▶

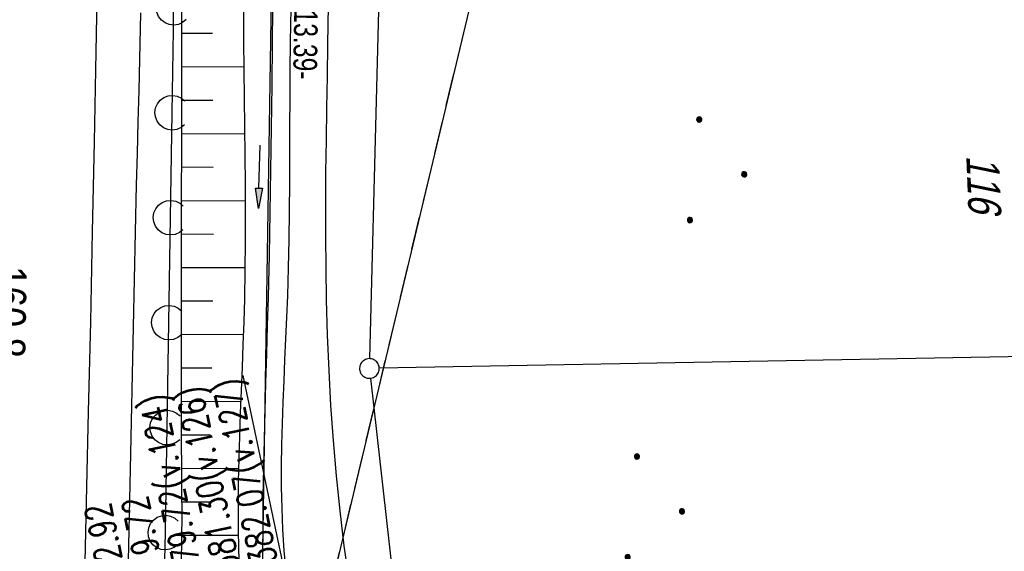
# Model space of a CAD drawing. Extents: x 511155 to 511479, y 464515 to 465450.
# Tile 18 of 41: x 511352 to 511427, y 464714 to 464754. Entities that reach past the tile are written whole.
import ezdxf

# ---------------------------------------------------------------- set-up
doc = ezdxf.new("R2010")
doc.units = 0
doc.header["$LTSCALE"] = 10
doc.header["$MEASUREMENT"] = 0
for name, pattern in [('AUSGEZOGEN', [0]), ('LT00', [0]), ('STRICHLINIE2', [0.375, 0.25, -0.125])]:
    doc.linetypes.add(name, pattern=pattern)
doc.layers.get('0').update_dxf_attribs({"linetype": 'LT00'})
for name, color, linetype in [('--EK_FBR', 1, 'LT00'), ('--EK_Haltung', 7, 'STRICHLINIE2'), ('--EK_Schacht-Text', 5, 'LT00'), ('--EL_DFK_AB_L', 21, 'LT00'), ('--EL_Haltung', 182, 'STRICHLINIE2'), ('-ST-93-1', 250, 'LT00'), ('ABSTAND', 8, 'LT00'), ('ABWASSERLTG', 24, 'LT00'), ('DFK_AB_L', 21, 'LT00'), ('DFK_FLUR_NR', 250, 'LT00'), ('DFK_GZPKT', 250, 'LT00'), ('DFK_KATASTER', 250, 'LT00'), ('DFK_NUTZUNG', 250, 'LT00'), ('GRENZNAME_B', 250, 'Continuous'), ('PFEIL', 140, 'AUSGEZOGEN'), ('V103_AFBR_BAB', 250, 'LT00'), ('V103_BOESCH', 250, 'LT00'), ('V103_BOSCHUNG', 250, 'LT00'), ('V103_GRABEN', 250, 'LT00'), ('V103_LAERM', 11, 'LT00'), ('V103_LD_MARK', 250, 'LT00')]:
    doc.layers.add(name, color=color, linetype=linetype)
doc.styles.add('Beschrift', font='ARIAL.TTF')
doc.styles.add('schachtbeschriftung', font='romans.shx', dxfattribs={"width": 0.75, "height": 2})
doc.styles.get("Standard").update_dxf_attribs({"font": 'ARIAL.TTF'})
doc.styles.add('UNIR-H', font='unir_h.shx', dxfattribs={"width": 0.8})

# ---------------------------------------------------------------- blocks, each defined once
blk = doc.blocks.new('SYMB7010')
at = {"color": 0, "linetype": 'ByBlock'}
for points in [[(-0.031408, 0.499213), (-0.093728, 0.49134), (-0.15457, 0.475719), (-0.212975, 0.452595), (-0.268021, 0.422333), (-0.31884, 0.385411), (-0.36463, 0.342411), (-0.40467, 0.29401), (-0.438329, 0.240973), (-0.465074, 0.184136), (-0.484486, 0.124395), (-0.496256, 0.062692), (-0.5002, 0)], [(-0.5002, 0), (-0.496256, -0.062692), (-0.484486, -0.124395), (-0.465075, -0.184136), (-0.438329, -0.240973), (-0.404671, -0.29401), (-0.36463, -0.342411), (-0.31884, -0.385411), (-0.268021, -0.422333), (-0.212975, -0.452595), (-0.154571, -0.475719), (-0.093728, -0.49134), (-0.031408, -0.499213), (0.031408, -0.499213)], [(0.5002, 0), (0.496256, 0.062692), (0.484485, 0.124395), (0.465074, 0.184136), (0.438329, 0.240973), (0.40467, 0.29401), (0.36463, 0.342411), (0.31884, 0.385411), (0.268021, 0.422333), (0.212975, 0.452595), (0.15457, 0.475719), (0.093728, 0.49134), (0.031408, 0.499213), (-0.031408, 0.499213)], [(0.031408, -0.499213), (0.093728, -0.491341), (0.15457, -0.475719), (0.212975, -0.452595), (0.268021, -0.422333), (0.31884, -0.385411), (0.36463, -0.342411), (0.404671, -0.294011), (0.438329, -0.240974), (0.465075, -0.184136), (0.484486, -0.124395), (0.496256, -0.062692), (0.500201, 0)]]:
    blk.add_lwpolyline(points, dxfattribs=at)
blk = doc.blocks.new('Ackerland3')
at = {"layer": 'DFK_NUTZUNG', "color": 0, "linetype": 'ByBlock'}
for p, q in [((-0.15, 2.662), (-0.15, 2.403)), ((-0.1, 2.362), (-0.1, 2.704)), ((-0.05, 2.724), (-0.05, 2.341)), ((0, 2.335), (0, 2.731)), ((0.05, 2.724), (0.05, 2.341)), ((0.1, 2.362), (0.1, 2.704)), ((0.15, 2.662), (0.15, 2.403)), ((0.2, 2.531), (0.2, 2.534)), ((-4, -1.137), (-4, -1.395)), ((-3.95, -1.437), (-3.95, -1.095)), ((-3.9, -1.075), (-3.9, -1.458)), ((-3.85, -1.464), (-3.85, -1.068)), ((-3.8, -1.075), (-3.8, -1.458)), ((-3.75, -1.437), (-3.75, -1.095)), ((-3.7, -1.137), (-3.7, -1.395)), ((-3.65, -1.268), (-3.65, -1.265)), ((3.7, -1.137), (3.7, -1.395)), ((3.75, -1.437), (3.75, -1.095)), ((3.8, -1.075), (3.8, -1.458)), ((3.85, -1.464), (3.85, -1.068)), ((3.9, -1.075), (3.9, -1.458)), ((3.95, -1.437), (3.95, -1.095)), ((4, -1.137), (4, -1.395)), ((4.05, -1.268), (4.05, -1.265))]:
    blk.add_line(p, q, dxfattribs=at)
for points in [[(0.2, 2.533), (0.18, 2.619), (0.125, 2.689), (0.045, 2.728), (-0.044, 2.728), (-0.125, 2.689), (-0.18, 2.619), (-0.2, 2.533), (-0.18, 2.446), (-0.125, 2.376), (-0.044, 2.338), (0.045, 2.338), (0.125, 2.376), (0.18, 2.446), (0.2, 2.533)], [(-3.65, -1.266), (-3.67, -1.18), (-3.725, -1.11), (-3.805, -1.071), (-3.894, -1.071), (-3.975, -1.11), (-4.03, -1.18), (-4.05, -1.266)], [(-4.05, -1.266), (-4.03, -1.353), (-3.975, -1.423), (-3.894, -1.461), (-3.805, -1.461), (-3.725, -1.423), (-3.67, -1.353), (-3.65, -1.266)], [(4.05, -1.266), (4.03, -1.18), (3.975, -1.11), (3.895, -1.071), (3.806, -1.071), (3.725, -1.11), (3.67, -1.18), (3.65, -1.266)], [(3.65, -1.266), (3.67, -1.353), (3.725, -1.423), (3.806, -1.461), (3.895, -1.461), (3.975, -1.423), (4.03, -1.353), (4.05, -1.266)]]:
    blk.add_lwpolyline(points, dxfattribs=at)
blk = doc.blocks.new('Pfreil3')
at = {"layer": 'PFEIL'}
blk.add_hatch(color=256, dxfattribs=at).paths.add_polyline_path([(-1.549, 0.273), (-1.549, -0.273), (0, 0)])
for p, q in [((-1.549, 0), (-4.831, 0)), ((-1.549, -0.273), (-1.549, 0.273)), ((-1.549, 0.273), (0, 0)), ((0, 0), (-1.549, -0.273))]:
    blk.add_line(p, q, dxfattribs=at)
blk = doc.blocks.new('SYMB7122')
at = {"color": 0, "linetype": 'ByBlock'}
for points in [[(-0.109975, -0.002365), (-0.106745, 0.026562), (-0.096041, 0.053629), (-0.078613, 0.076941), (-0.055681, 0.094866), (-0.028851, 0.106149), (0, 0.11)], [(0, 0.11), (0.028851, 0.106149), (0.055681, 0.094866), (0.078613, 0.076941), (0.096041, 0.053629), (0.106745, 0.026562), (0.109975, -0.002365)], [(-0.075234, -0.080249), (-0.093647, -0.057708), (-0.105504, -0.031126), (-0.109975, -0.002365)], [(0.109975, -0.002365), (0.105504, -0.031126), (0.093647, -0.057708), (0.075234, -0.080249)]]:
    blk.add_lwpolyline(points, dxfattribs=at)

msp = doc.modelspace()

# ---------------------------------------------------------------- linework, layer by layer
at = {"layer": '--EK_FBR'}
for points in [[(511372.58, 464754.971), (511372.535, 464752.428), (511372.51, 464750.278), (511372.495, 464748.127), (511372.485, 464745.976), (511372.477, 464743.826), (511372.465, 464741.675), (511372.447, 464739.524), (511372.418, 464737.371), (511372.374, 464735.218), (511372.311, 464733.064), (511372.25, 464731.445), (511372.18, 464729.826), (511372.106, 464728.206), (511372.034, 464726.587), (511371.967, 464724.968), (511371.91, 464723.349), (511371.868, 464721.732), (511371.846, 464720.116), (511371.849, 464718.502), (511371.88, 464716.89), (511371.946, 464715.28), (511372.05, 464713.673), (511372.165, 464712.365)], [(511376.938, 464711.972), (511376.655, 464714.035), (511376.333, 464716.701), (511376.058, 464719.37), (511375.828, 464722.044), (511375.639, 464724.72), (511375.49, 464727.399), (511375.379, 464730.079), (511375.302, 464732.76), (511375.26, 464735.196), (511375.241, 464737.633), (511375.241, 464740.069), (511375.257, 464742.506), (511375.286, 464744.943), (511375.323, 464747.38), (511375.365, 464749.818), (511375.408, 464752.256), (511375.458, 464755.18)], [(511361.109, 464754.648), (511361.03, 464751.119), (511360.972, 464748.723), (511360.911, 464746.327), (511360.849, 464743.931), (511360.789, 464741.535), (511360.703, 464737.926), (511360.622, 464734.317), (511360.545, 464730.707), (511360.469, 464727.098), (511360.395, 464723.488), (511360.319, 464719.879), (511360.219, 464715.231), (511360.116, 464710.584)]]:
    msp.add_lwpolyline(points, dxfattribs=at)
at = {"layer": '--EK_Haltung'}
msp.add_line((511417.267, 464884.947), (511372.541, 464697.95), dxfattribs=at)
at = {"layer": '--EL_DFK_AB_L'}
msp.add_line((511370.152, 464694.71), (511371.889, 464806.59), dxfattribs=at)
at = {"layer": '--EL_Haltung'}
msp.add_line((511417.267, 464884.947), (511372.541, 464697.95), dxfattribs=at)
at = {"layer": 'ABWASSERLTG'}
msp.add_lwpolyline([(511463.427, 464907.857), (511417.441, 464885.677), (511372.367, 464697.22), (511317.895, 464685.925)], dxfattribs=at)
at = {"layer": 'DFK_AB_L'}
msp.add_line((511370.152, 464694.71), (511371.889, 464806.59), dxfattribs=at)
at = {"layer": 'DFK_KATASTER'}
for p, q in [((511379.311, 464756.26), (511378.589, 464728.289)), ((511470.496, 464729.22), (511379.32, 464727.553)), ((511378.653, 464726.795), (511381.227, 464703.806))]:
    msp.add_line(p, q, dxfattribs=at)
at = {"layer": 'V103_AFBR_BAB'}
for points in [[(511372.58, 464754.971), (511372.535, 464752.428), (511372.51, 464750.278), (511372.495, 464748.127), (511372.485, 464745.976), (511372.477, 464743.826), (511372.465, 464741.675), (511372.447, 464739.524), (511372.418, 464737.371), (511372.374, 464735.218), (511372.311, 464733.064), (511372.25, 464731.445), (511372.18, 464729.826), (511372.106, 464728.206), (511372.034, 464726.587), (511371.967, 464724.968), (511371.91, 464723.349), (511371.868, 464721.732), (511371.846, 464720.116), (511371.849, 464718.502), (511371.88, 464716.89), (511371.946, 464715.28), (511372.05, 464713.673), (511372.165, 464712.365)], [(511376.938, 464711.972), (511376.655, 464714.035), (511376.333, 464716.701), (511376.058, 464719.37), (511375.828, 464722.044), (511375.639, 464724.72), (511375.49, 464727.399), (511375.379, 464730.079), (511375.302, 464732.76), (511375.26, 464735.196), (511375.241, 464737.633), (511375.241, 464740.069), (511375.257, 464742.506), (511375.286, 464744.943), (511375.323, 464747.38), (511375.365, 464749.818), (511375.408, 464752.256), (511375.458, 464755.18)], [(511361.109, 464754.648), (511361.03, 464751.119), (511360.972, 464748.723), (511360.911, 464746.327), (511360.849, 464743.931), (511360.789, 464741.535), (511360.703, 464737.926), (511360.622, 464734.317), (511360.545, 464730.707), (511360.469, 464727.098), (511360.395, 464723.488), (511360.319, 464719.879), (511360.219, 464715.231), (511360.116, 464710.584)]]:
    msp.add_lwpolyline(points, dxfattribs=at)
at = {"layer": 'V103_BOESCH'}
msp.add_lwpolyline([(511364.246, 464712.755), (511364.27, 464714.576), (511364.278, 464716.397), (511364.273, 464718.219), (511364.261, 464720.04), (511364.245, 464721.862), (511364.251, 464763.099)], dxfattribs=at)
at = {"layer": 'V103_BOSCHUNG'}
for p, q in [((511364.25, 464753.095), (511366.606, 464753.086)), ((511364.249, 464750.545), (511368.984, 464750.527)), ((511364.249, 464747.995), (511366.631, 464747.986)), ((511364.248, 464745.445), (511369.047, 464745.426)), ((511364.248, 464742.895), (511366.662, 464742.886)), ((511364.248, 464740.345), (511369.095, 464740.326)), ((511364.247, 464737.795), (511366.673, 464737.786)), ((511364.247, 464735.245), (511369.079, 464735.226)), ((511364.246, 464732.695), (511366.639, 464732.686)), ((511364.246, 464730.145), (511368.955, 464730.127)), ((511364.245, 464727.595), (511366.552, 464727.586)), ((511364.245, 464725.045), (511368.755, 464725.027)), ((511364.245, 464722.486), (511366.452, 464722.486)), ((511364.262, 464719.928), (511368.587, 464719.946)), ((511364.277, 464717.378), (511366.413, 464717.387)), ((511364.272, 464714.845), (511368.559, 464714.828))]:
    msp.add_line(p, q, dxfattribs=at)
at = {"layer": 'V103_GRABEN'}
for points in [[(511368.954, 464755.068), (511368.966, 464752.517), (511368.986, 464750.329), (511369.012, 464748.142), (511369.04, 464745.954), (511369.067, 464743.768), (511369.087, 464741.581), (511369.099, 464739.394), (511369.096, 464737.208), (511369.077, 464735.021), (511369.036, 464732.835), (511368.987, 464731.095), (511368.927, 464729.355), (511368.859, 464727.615), (511368.789, 464725.875), (511368.72, 464724.135), (511368.657, 464722.395), (511368.604, 464720.655), (511368.566, 464718.916), (511368.547, 464717.176), (511368.551, 464715.436), (511368.583, 464713.697), (511368.675, 464711.373)], [(511370.451, 464713.464), (511370.454, 464715.634), (511370.475, 464717.804), (511370.51, 464719.973), (511370.558, 464722.142), (511370.613, 464724.31), (511370.675, 464726.478), (511370.739, 464728.646), (511370.802, 464730.814), (511370.862, 464732.982), (511370.94, 464736.208), (511371.005, 464739.434), (511371.06, 464742.661), (511371.106, 464745.888), (511371.146, 464749.115), (511371.182, 464752.342), (511371.209, 464754.886)]]:
    msp.add_lwpolyline(points, dxfattribs=at)
at = {"layer": 'V103_LAERM'}
for p, q in [((511363.4, 464739.031), (511363.524, 464747.03)), ((511363.276, 464731.032), (511363.4, 464739.031)), ((511363.152, 464723.033), (511363.276, 464731.032)), ((511362.85, 464707.036), (511363.004, 464715.034))]:
    msp.add_line(p, q, dxfattribs=at)
for points in [[(511363.524, 464747.03), (511363.622, 464753.312), (511363.624, 464755.029)], [(511363.004, 464715.034), (511363.129, 464721.562), (511363.152, 464723.033)]]:
    msp.add_lwpolyline(points, dxfattribs=at)
at = {"layer": 'V103_LD_MARK'}
msp.add_lwpolyline([(511354.608, 464631.982), (511354.875, 464639.525), (511355.127, 464647.068), (511355.323, 464653.287), (511355.51, 464659.506), (511355.688, 464665.726), (511355.859, 464671.945), (511356.024, 464678.165), (511356.184, 464684.385), (511356.341, 464690.606), (511356.496, 464696.826), (511356.665, 464703.68), (511356.832, 464710.534), (511356.996, 464717.388), (511357.156, 464724.242), (511357.31, 464731.097), (511357.457, 464737.951), (511357.596, 464744.806), (511357.726, 464751.66), (511357.846, 464758.515)], dxfattribs=at)

# ---------------------------------------------------------------- block references
at = {"layer": 'DFK_GZPKT', "xscale": 1.500000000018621, "yscale": 1.5, "zscale": 1.5, "rotation": 264.7377099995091}
msp.add_blockref('SYMB7010', (511378.57, 464727.54), dxfattribs=at)
at = {"layer": 'DFK_NUTZUNG', "rotation": 264.7376999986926}
for p in [(511404.636, 464742.565), (511399.886, 464716.883)]:
    msp.add_blockref('Ackerland3', p, dxfattribs=at)
at = {"layer": 'PFEIL', "rotation": 268.6170391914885}
msp.add_blockref('Pfreil3', (511370.11, 464739.731), dxfattribs=at)
at = {"layer": 'V103_LAERM', "yscale": 12, "zscale": 12}
for p, xscale, rotation in [((511363.624, 464755.029), 12.000000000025, 89.91898999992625), ((511363.524, 464747.03), 12.00000000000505, 89.11024000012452), ((511363.4, 464739.031), 12.00000000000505, 89.11024000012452), ((511363.276, 464731.032), 12.00000000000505, 89.11024000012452), ((511363.152, 464723.033), 12.00000000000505, 89.11024000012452), ((511363.004, 464715.034), 12.00000000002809, 88.90016000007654)]:
    msp.add_blockref('SYMB7122', p, dxfattribs=dict(at, xscale=xscale, rotation=rotation))

# ---------------------------------------------------------------- texts
at = {"layer": '--EK_Schacht-Text', "style": 'schachtbeschriftung', "width": 0.75}
for s, p in [('%%UZ=382.07(v.127)', (511372.14, 464709.95)), ('Z=381.30(v.126)', (511369.322, 464709.354)), ('Z=379.72(v.124)', (511366.504, 464708.757)), ('D=382.92', (511360.869, 464707.564)), ('S=379.72', (511363.687, 464708.161))]:
    msp.add_text(s, height=2, rotation=-258.04538, dxfattribs=at).set_placement(p)
at = {"layer": '-ST-93-1', "style": 'Beschrift', "width": 0.8}
msp.add_text('  160.8', height=2.5, rotation=-91.05968, dxfattribs=at).set_placement((511349.964, 464736.921))
at = {"layer": 'ABSTAND', "width": 0.75}
msp.add_text(' -113.39-', height=1.8, rotation=-90.89015, dxfattribs=at).set_placement((511372.873, 464757.114))
at = {"layer": 'DFK_FLUR_NR', "oblique": 13.754, "width": 0.75}
msp.add_text('116', height=2.5, rotation=272.2662, dxfattribs=at).set_placement((511424.093, 464743.766))
at = {"layer": 'GRENZNAME_B', "insert": (511460.911, 464796.427), "char_height": 5.6, "attachment_point": 1, "rotation": 272.26621, "style": 'UNIR-H'}
msp.add_mtext('{\\W1;Gemarkung: Kronstetten\\PGemeinde: Schwandorf\\PLandkreis: Schwandorf}', dxfattribs=at)

doc.saveas('drawing.dxf')
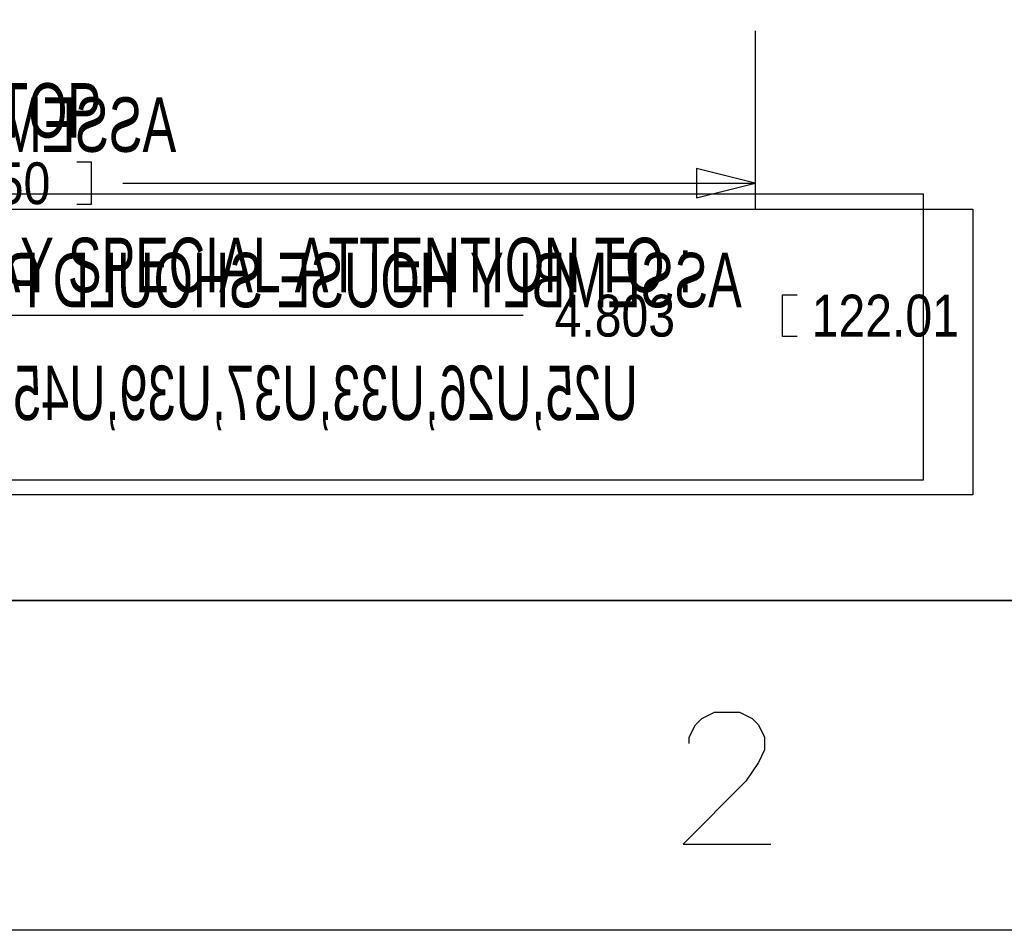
# Model space of a CAD drawing. Extents: x -36 to 384, y -28 to 269.
# Tile 13 of 52: x 28 to 58, y -28 to 0. Entities that reach past the tile are written whole.
import ezdxf
from ezdxf.enums import TextEntityAlignment as Align

# ---------------------------------------------------------------- set-up
doc = ezdxf.new("R2010")
doc.units = 0
for name, color, linetype in [('BG_DIMENSION', 7, 'CONTINUOUS'), ('BG_TITLE_A3', 7, 'CONTINUOUS'), ('PG_ASSEMBLY_BOTTOM', 7, 'CONTINUOUS'), ('PG_ASSEMBLY_TOP', 7, 'CONTINUOUS')]:
    doc.layers.add(name, color=color, linetype=linetype)

msp = doc.modelspace()

# ---------------------------------------------------------------- linework, layer by layer
at = {"layer": 'BG_DIMENSION'}
for points in [[(50.000002, -0.762), (50.000002, -6.1468)], [(29.4259, -6.0198), (29.8704, -6.0198), (29.8704, -4.7498), (29.4259, -4.7498)], [(48.222002, -5.8293), (50.000002, -5.3848), (48.222002, -4.9403), (48.222002, -5.8293)], [(30.8229, -5.3848), (50.000002, -5.3848)], [(51.2699, -10.033), (50.8254, -10.033), (50.8254, -8.763), (51.2699, -8.763)], [(42.9641, -9.398), (-10.003942, -9.398)]]:
    msp.add_lwpolyline(points, dxfattribs=at)
at = {"layer": 'BG_TITLE_A3'}
msp.add_lwpolyline([(-26.289991, -18.034838), (-26.289991, 258.965141), (373.709895, 258.965141), (373.709895, -18.034838)], close=True, dxfattribs=at)
for points in [[(-26.289991, -18.034838), (373.709895, -18.034838)], [(48.002698, -22.372142), (48.002698, -22.181642), (48.192893, -21.800642), (48.383393, -21.610142), (48.764393, -21.419642), (49.526393, -21.419642), (49.907393, -21.610142), (50.097893, -21.800642), (50.28819, -22.181642), (50.28819, -22.562642), (50.097893, -22.943642), (49.716893, -23.514863), (47.812198, -25.419863), (50.47869, -25.419863)], [(383.709901, -28.034742), (-36.289996, -28.034742)]]:
    msp.add_lwpolyline(points, dxfattribs=at)
at = {"layer": 'PG_ASSEMBLY_BOTTOM'}
msp.add_lwpolyline([(56.6039, -14.834387), (-6.1722, -14.834387), (-6.1722, -6.172987), (56.6039, -6.172987)], close=True, dxfattribs=at)
at = {"layer": 'PG_ASSEMBLY_TOP'}
msp.add_lwpolyline([(-3.3655, -14.377187), (55.1053, -14.377187), (55.1053, -5.715787), (-3.3655, -5.715787)], close=True, dxfattribs=at)

# ---------------------------------------------------------------- texts
at = {"layer": 'BG_DIMENSION', "width": 0.86}
for s, p in [('50', (27.0002, -6.0198)), ('4.803', (43.9166, -10.033)), ('122.01', (51.7144, -10.033))]:
    msp.add_text(s, height=1.27, dxfattribs=at).set_placement(p)
at = {"layer": 'PG_ASSEMBLY_BOTTOM', "text_generation_flag": 2, "width": 0.692308}
for s, p in [('ASSEMBLY BOTTOM', (24.8412, -4.4323)), ('ASSEMBLY HOUSE SHOULD PAY SPECIAL ATTENTION TO :', (27.7241, -9.144787)), ('U25,U26,U33,U37,U39,U45,U46,U76,U77 (BGA 0.4MM PITCH)', (24.7396, -12.564542))]:
    msp.add_text(s, height=1.651, dxfattribs=at).set_placement(p, align=Align.CENTER)
at = {"layer": 'PG_ASSEMBLY_TOP', "width": 0.692308}
for s, p in [('ASSEMBLY TOP', (24.257, -4.0005)), ('ASSEMBLY HOUSE SHOULD PAY SPECIAL ATTENTION TO :', (26.2255, -8.687587))]:
    msp.add_text(s, height=1.651, dxfattribs=at).set_placement(p, align=Align.CENTER)

doc.saveas('drawing.dxf')

◀

## [Work item]
In the records above, the line with "from ezdxf.enums import" marks the start and the line with "-5.715787)], close=True, dxfattribs=at)" marks the end; copy that stretch exactly, both lines included, and nothing else.

## [Your solution]
from ezdxf.enums import TextEntityAlignment as Align

# ---------------------------------------------------------------- set-up
doc = ezdxf.new("R2010")
doc.units = 0
for name, color, linetype in [('BG_DIMENSION', 7, 'CONTINUOUS'), ('BG_TITLE_A3', 7, 'CONTINUOUS'), ('PG_ASSEMBLY_BOTTOM', 7, 'CONTINUOUS'), ('PG_ASSEMBLY_TOP', 7, 'CONTINUOUS')]:
    doc.layers.add(name, color=color, linetype=linetype)

msp = doc.modelspace()

# ---------------------------------------------------------------- linework, layer by layer
at = {"layer": 'BG_DIMENSION'}
for points in [[(50.000002, -0.762), (50.000002, -6.1468)], [(29.4259, -6.0198), (29.8704, -6.0198), (29.8704, -4.7498), (29.4259, -4.7498)], [(48.222002, -5.8293), (50.000002, -5.3848), (48.222002, -4.9403), (48.222002, -5.8293)], [(30.8229, -5.3848), (50.000002, -5.3848)], [(51.2699, -10.033), (50.8254, -10.033), (50.8254, -8.763), (51.2699, -8.763)], [(42.9641, -9.398), (-10.003942, -9.398)]]:
    msp.add_lwpolyline(points, dxfattribs=at)
at = {"layer": 'BG_TITLE_A3'}
msp.add_lwpolyline([(-26.289991, -18.034838), (-26.289991, 258.965141), (373.709895, 258.965141), (373.709895, -18.034838)], close=True, dxfattribs=at)
for points in [[(-26.289991, -18.034838), (373.709895, -18.034838)], [(48.002698, -22.372142), (48.002698, -22.181642), (48.192893, -21.800642), (48.383393, -21.610142), (48.764393, -21.419642), (49.526393, -21.419642), (49.907393, -21.610142), (50.097893, -21.800642), (50.28819, -22.181642), (50.28819, -22.562642), (50.097893, -22.943642), (49.716893, -23.514863), (47.812198, -25.419863), (50.47869, -25.419863)], [(383.709901, -28.034742), (-36.289996, -28.034742)]]:
    msp.add_lwpolyline(points, dxfattribs=at)
at = {"layer": 'PG_ASSEMBLY_BOTTOM'}
msp.add_lwpolyline([(56.6039, -14.834387), (-6.1722, -14.834387), (-6.1722, -6.172987), (56.6039, -6.172987)], close=True, dxfattribs=at)
at = {"layer": 'PG_ASSEMBLY_TOP'}
msp.add_lwpolyline([(-3.3655, -14.377187), (55.1053, -14.377187), (55.1053, -5.715787), (-3.3655, -5.715787)], close=True, dxfattribs=at)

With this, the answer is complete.